Garfield at Large
- Garfield at Large, 1980 edition.
- Author: Jim Davis
- Language: English
- Subject: Comics
- Genre: Humor, Slapstick
- Publisher: Ballantine Books (USA)
- Publication date: February 21, 1980
- Publication place: United States
- Media type: Trade paperback
- Followed by: Garfield Gains Weight

= Garfield at Large =

1980 book by Jim Davis

Garfield at Large is the first compilation book of panels from the comic strip Garfield. The book was originally published by Ballantine Books in the United States in 1980 and the strips date from June 19, 1978, to January 22, 1979.

==History==
Prior to its publication, comic strip compilations were most commonly formatted like a standard paperback book with the panels running down the page. Jim Davis, Garfield's author, disliked the idea and convinced Ballantine to print the strips from left to right, as they would have appeared in the newspaper. This resulted in the final product being shorter from top to bottom and much wider from side to side than the average paperback book. This layout became known in the publishing industry as the "Garfield format", and was later adapted by other book publishers as well.
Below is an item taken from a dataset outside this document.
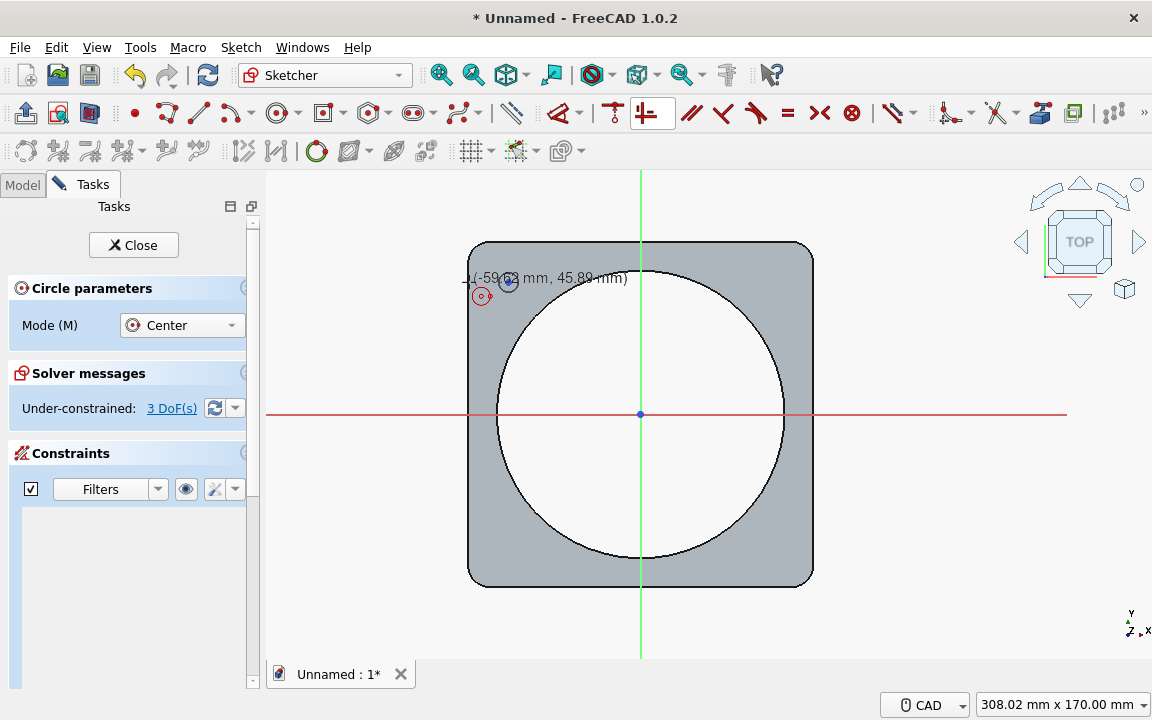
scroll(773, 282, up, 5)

Davis noted that such a format became popular for comic strip compilations, such as those of The Far Side. The book was number one on The New York Times bestseller list for almost two years.
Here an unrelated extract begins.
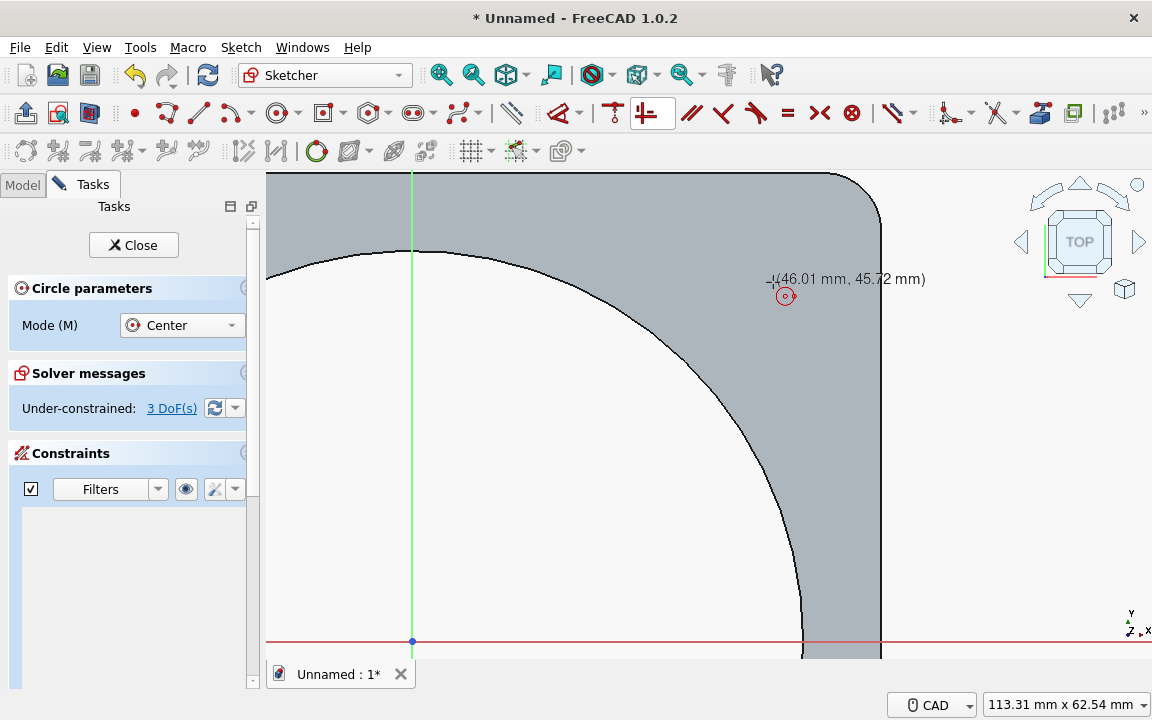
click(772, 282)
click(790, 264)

In the original editions, the strips were published in black and white, including the Sunday strips, which appeared in color originally in their newspaper format. Garfield at Large has since been republished in full color in 2001 as part of the "Garfield Classics" series and as part of a “Fat Cat 3-Pack” (pack containing the first three books for a discounted price) in 1993 and 2001, the latter with its strips in full color. The colorized editions correct an error present in all previous editions: the July 23, 1978 strip originally had the first panel (Garfield hopping down the stairs) printed as the fourth panel.

The reissued, colorized 2001 edition of Garfield at Large.